● **Assignment**: Could you repeat the records below exactly, leaving the pictures out?

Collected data
○ ○ ○ ○ ○ ○ ○

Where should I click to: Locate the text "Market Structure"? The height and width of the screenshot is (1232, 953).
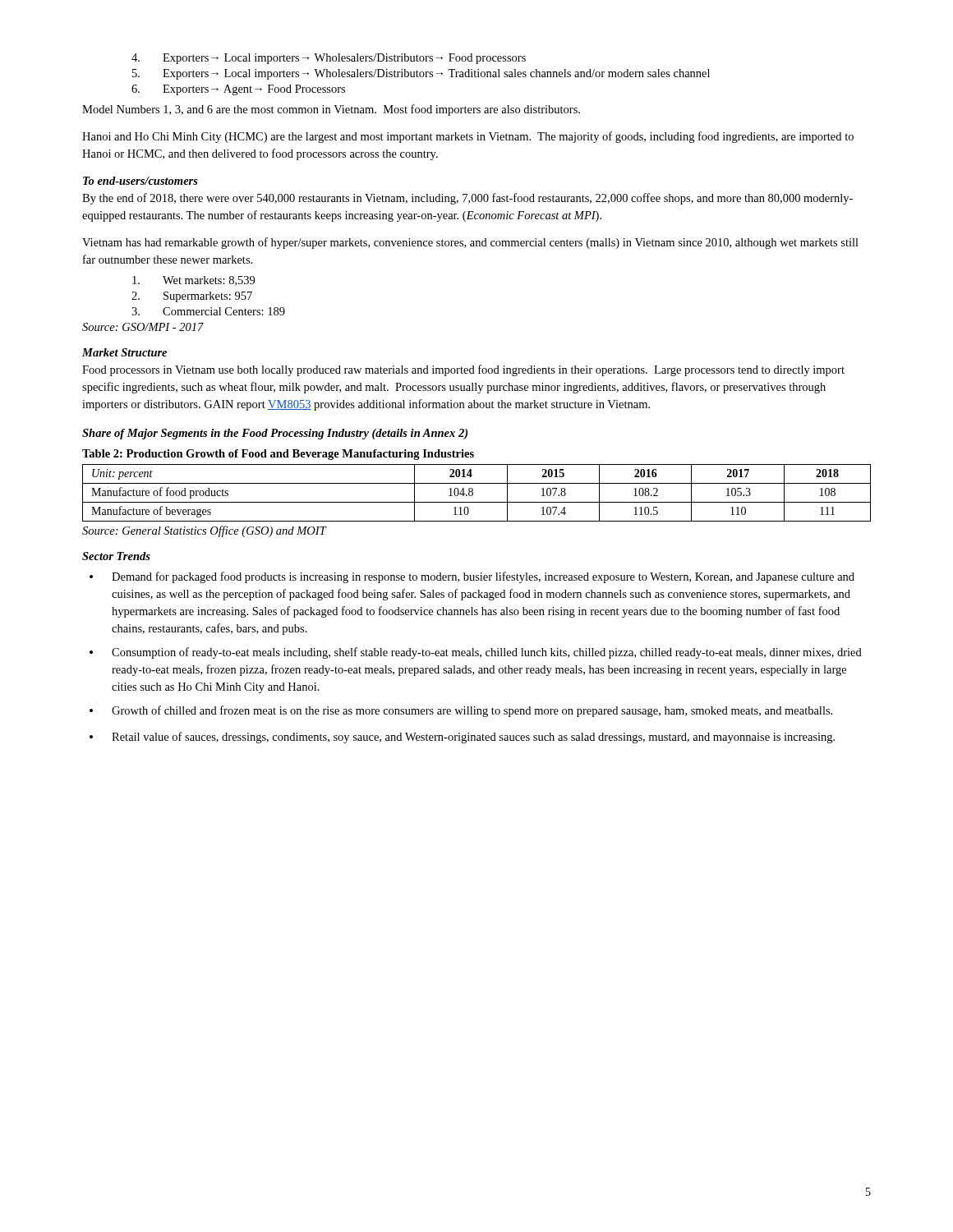coord(125,352)
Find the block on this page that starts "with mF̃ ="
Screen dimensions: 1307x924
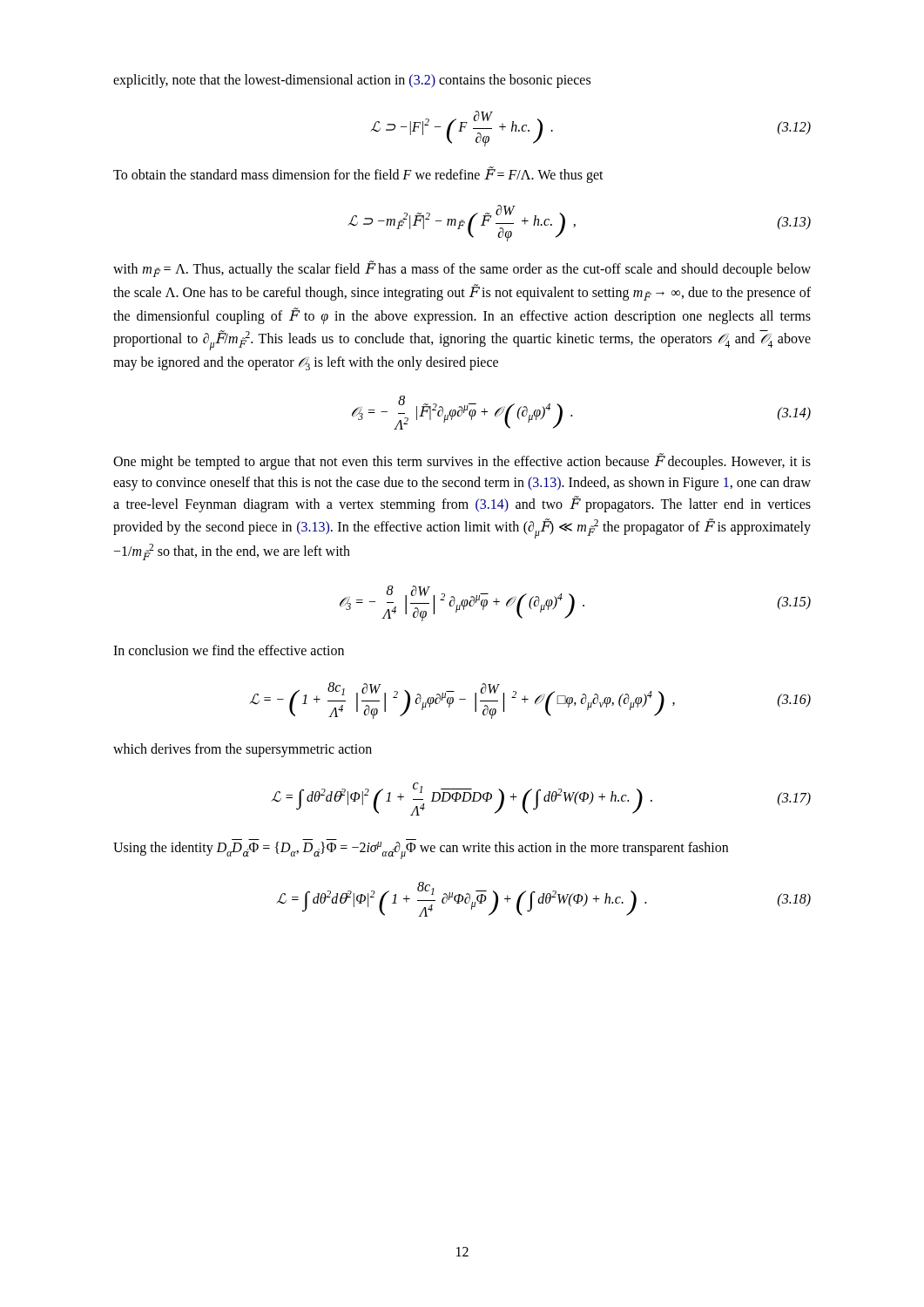pos(462,317)
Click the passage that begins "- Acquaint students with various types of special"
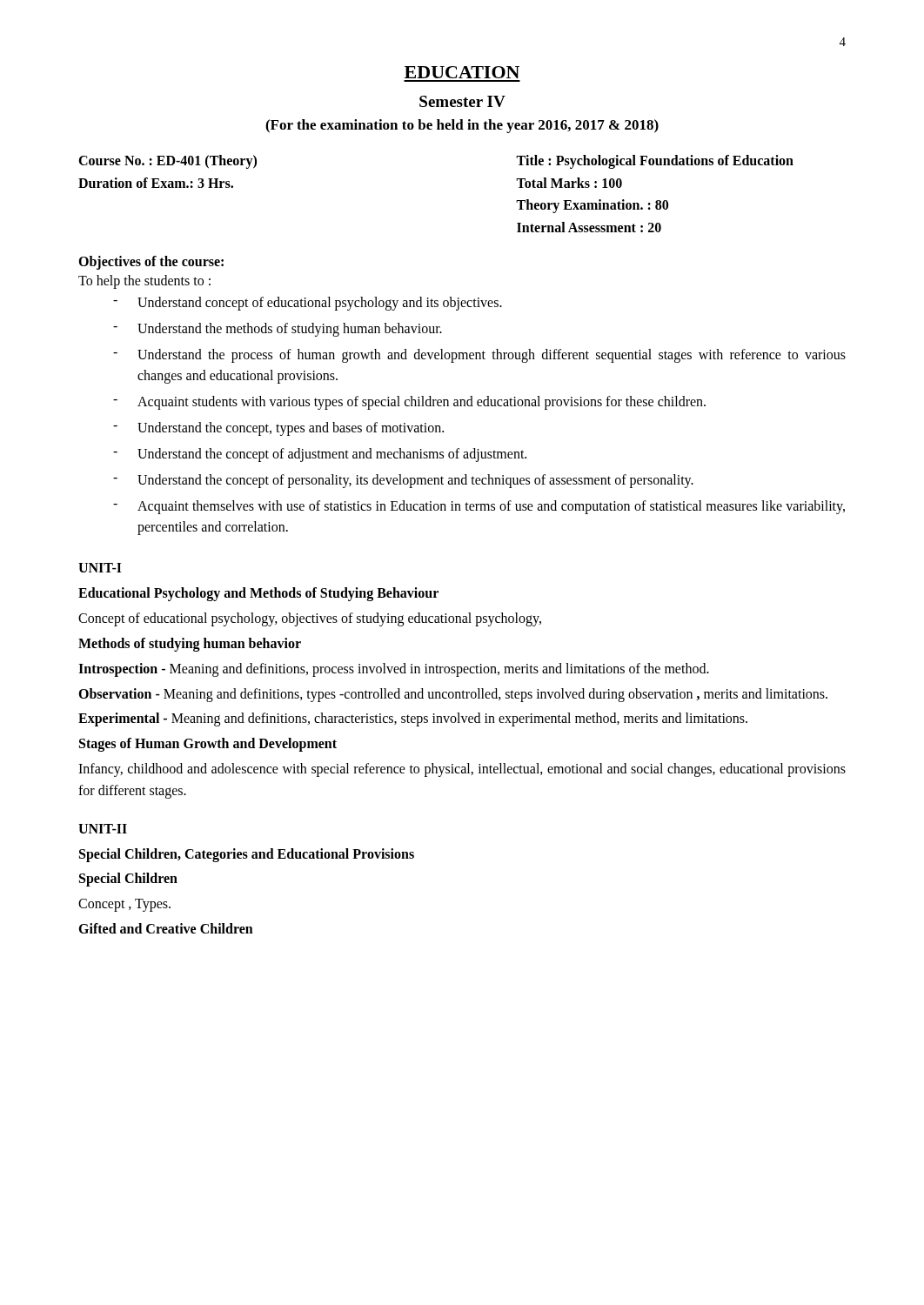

○ ○ ○ ○ ○ ○ ○

● **Written response**:
Where should I click to: Locate the text "Market Structure"? The height and width of the screenshot is (1232, 953).
coord(125,352)
Find the block on this page that starts "with mF̃ ="
Screen dimensions: 1307x924
pos(462,317)
Click the passage that begins "- Acquaint students with various types of special"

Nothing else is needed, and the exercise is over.